TVP #00402. SR #2512. Picture 523. Continuation of interview with Dellinger
Room Tone. Camera Rolling. Take Seven. Clapsticks. Okay, ready.
Dellinger:
In 1966 I realized that I and a lot of other people were very active in the anti-Vietnam war movement, and rightly so. But there was an awful lot that we really didn't know about what was really going on over there.
And on the one hand Lyndon Johnson said over and over again, and it was commonplace and believed by all Americans that the United States was only bombing steel and concrete and was being very careful about civilians. On the other hand the uh Chinese had announced that uh Hanoi had been utterly destroyed.
And I decided to go to Vietnam to try to go there and find out what the real story was. First I went to
Saigon, because in cases of that kind I always want to go to both sides, if I can. I also wanted to see what was going on in
Saigon, although there had...of course there were Americans there.

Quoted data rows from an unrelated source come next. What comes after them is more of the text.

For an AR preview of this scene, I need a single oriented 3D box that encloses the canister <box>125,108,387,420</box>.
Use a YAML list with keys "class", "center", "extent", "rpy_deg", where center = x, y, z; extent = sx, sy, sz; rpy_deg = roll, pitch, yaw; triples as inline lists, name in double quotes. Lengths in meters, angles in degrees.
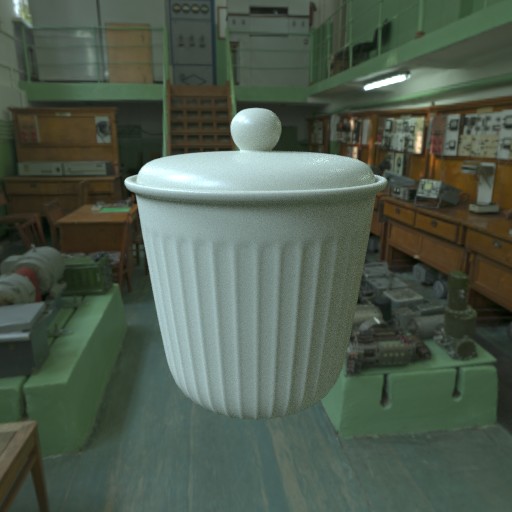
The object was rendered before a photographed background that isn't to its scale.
- class: "canister"
  center: [0.000, 0.000, 0.332]
  extent: [0.181, 0.211, 0.181]
  rpy_deg: [0, 15, 0]
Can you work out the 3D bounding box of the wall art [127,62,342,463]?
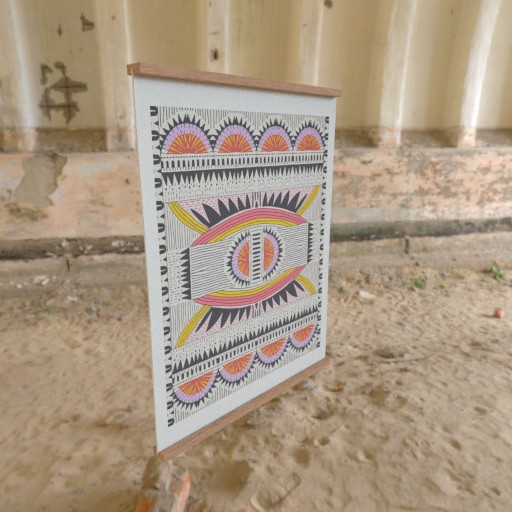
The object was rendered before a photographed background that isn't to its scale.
[{"bbox_3d":[0.000,0.000,0.709,0.028,0.527,0.403,14,20,43],"label":"wall art"}]
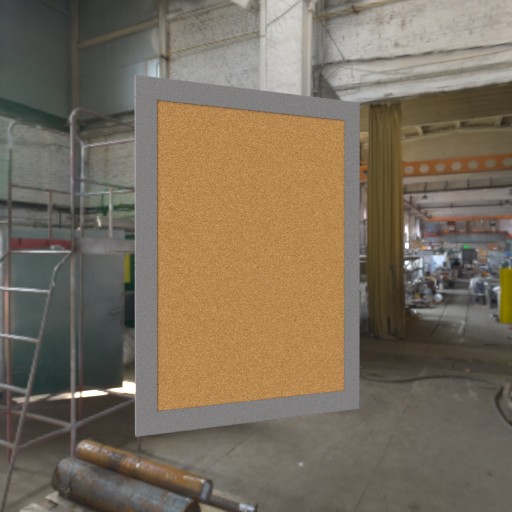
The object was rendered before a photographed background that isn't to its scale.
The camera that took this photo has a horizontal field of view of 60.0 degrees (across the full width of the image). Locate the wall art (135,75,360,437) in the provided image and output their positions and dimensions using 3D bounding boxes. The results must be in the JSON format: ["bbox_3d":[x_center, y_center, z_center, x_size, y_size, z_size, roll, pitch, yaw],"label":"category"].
[{"bbox_3d":[0.000,0.000,0.711,0.374,0.529,0.012,0,0,-19],"label":"wall art"}]
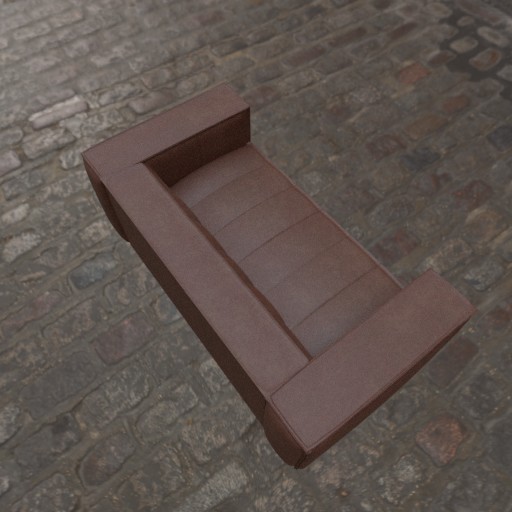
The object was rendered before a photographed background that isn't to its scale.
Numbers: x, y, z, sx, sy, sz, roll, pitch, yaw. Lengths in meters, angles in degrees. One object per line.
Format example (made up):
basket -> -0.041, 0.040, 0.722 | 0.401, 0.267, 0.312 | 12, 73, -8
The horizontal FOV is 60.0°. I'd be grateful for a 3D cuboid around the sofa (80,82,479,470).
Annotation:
sofa -> 0.000, 0.000, 2.594 | 1.102, 0.703, 2.088 | -33, 64, -19
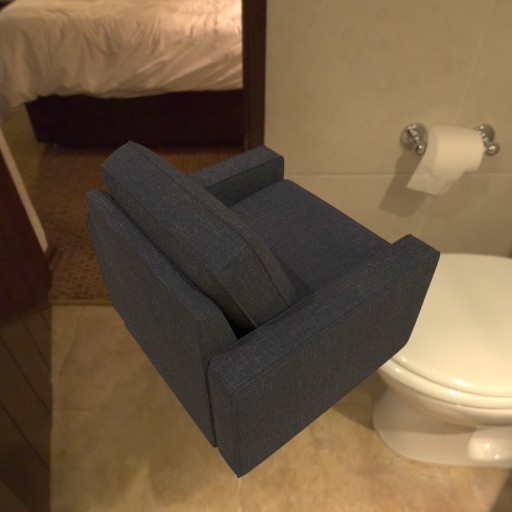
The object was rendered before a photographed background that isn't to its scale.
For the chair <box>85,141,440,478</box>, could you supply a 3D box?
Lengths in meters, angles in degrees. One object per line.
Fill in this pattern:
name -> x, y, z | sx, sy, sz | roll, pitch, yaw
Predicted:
chair -> 0.000, 0.000, 1.720 | 0.940, 0.919, 1.017 | -28, 49, -27
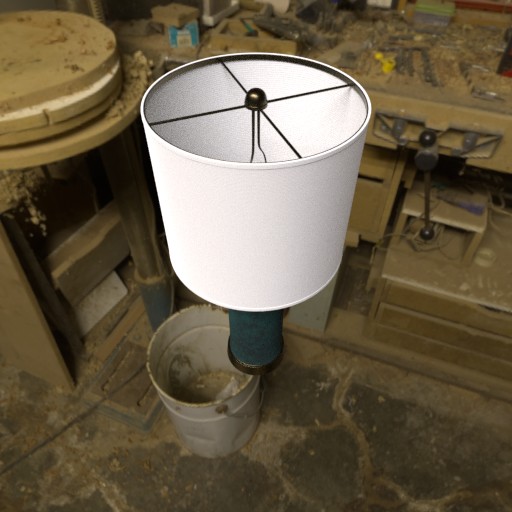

So the first interesting thing about that was that my trip was, has to this day, has been uh emphasized in terms of going to Hanoi, as if, you know, I went to the enemy. Uh, which I believed in doing anyway because I believe in reconciliation and getting to know each other and so forth. But uh, the
Saigon part of it, going to our ally and being equally conscientious there is dropped out.
But the horrifying thing was that I found out that the United States Air Force was, by intention, bombing schools, hospitals, uh churches, temples, uh just an utterly devastating bombing. I also found out that they were using cluster bombs, that uh were anti-personnel weapons. Bombs that would not penetrate any kinds of barrier, but would only penetrate human flesh. And uhm, through the years, by the way, these things became more and more sophisticated in, in ways so that uh if they struck somebody's leg, they would travel up to the heart and the doctors would not be able to operate, and that kind of thing. They were really a brutal anti-personnel weapon.
So I came back and I talked about these things, and for approximately a year and one half, almost two years, the Pentagon denied that they manufactured such weapons or were using them. But uh, then after a certain period of time, actually I think it was closer to two years, they not only admitted that they were using 'em but there was public bidding for the opportunity to uh manage them.
I also then, in supplement to what I had observed, I got a hold of an Air Force manual - which uh was supposed to probably be classified, I'm not sure - but uh which uh pointed out that uh in a modern warfare you had to bomb the heart of the civilian population because that was the way to destroy morale.
While I was there, they also, one day they would drop candy or radios or, you know, various consumer items along with leaflets telling people to surrender, that they would uh you know come and join America in the good life. And then the next day they would come in the middle of the night with their flares and they would machine gun strafe, men, women and children, uh uh or do blockbuster saturation bombing.
And somehow or other it never seemed to occur to them that uh the goodies that they distributed one day, if they had any appeal at all, were destroyed, the effect of them was destroyed by the bombs that would come actually sometimes just a few hours later.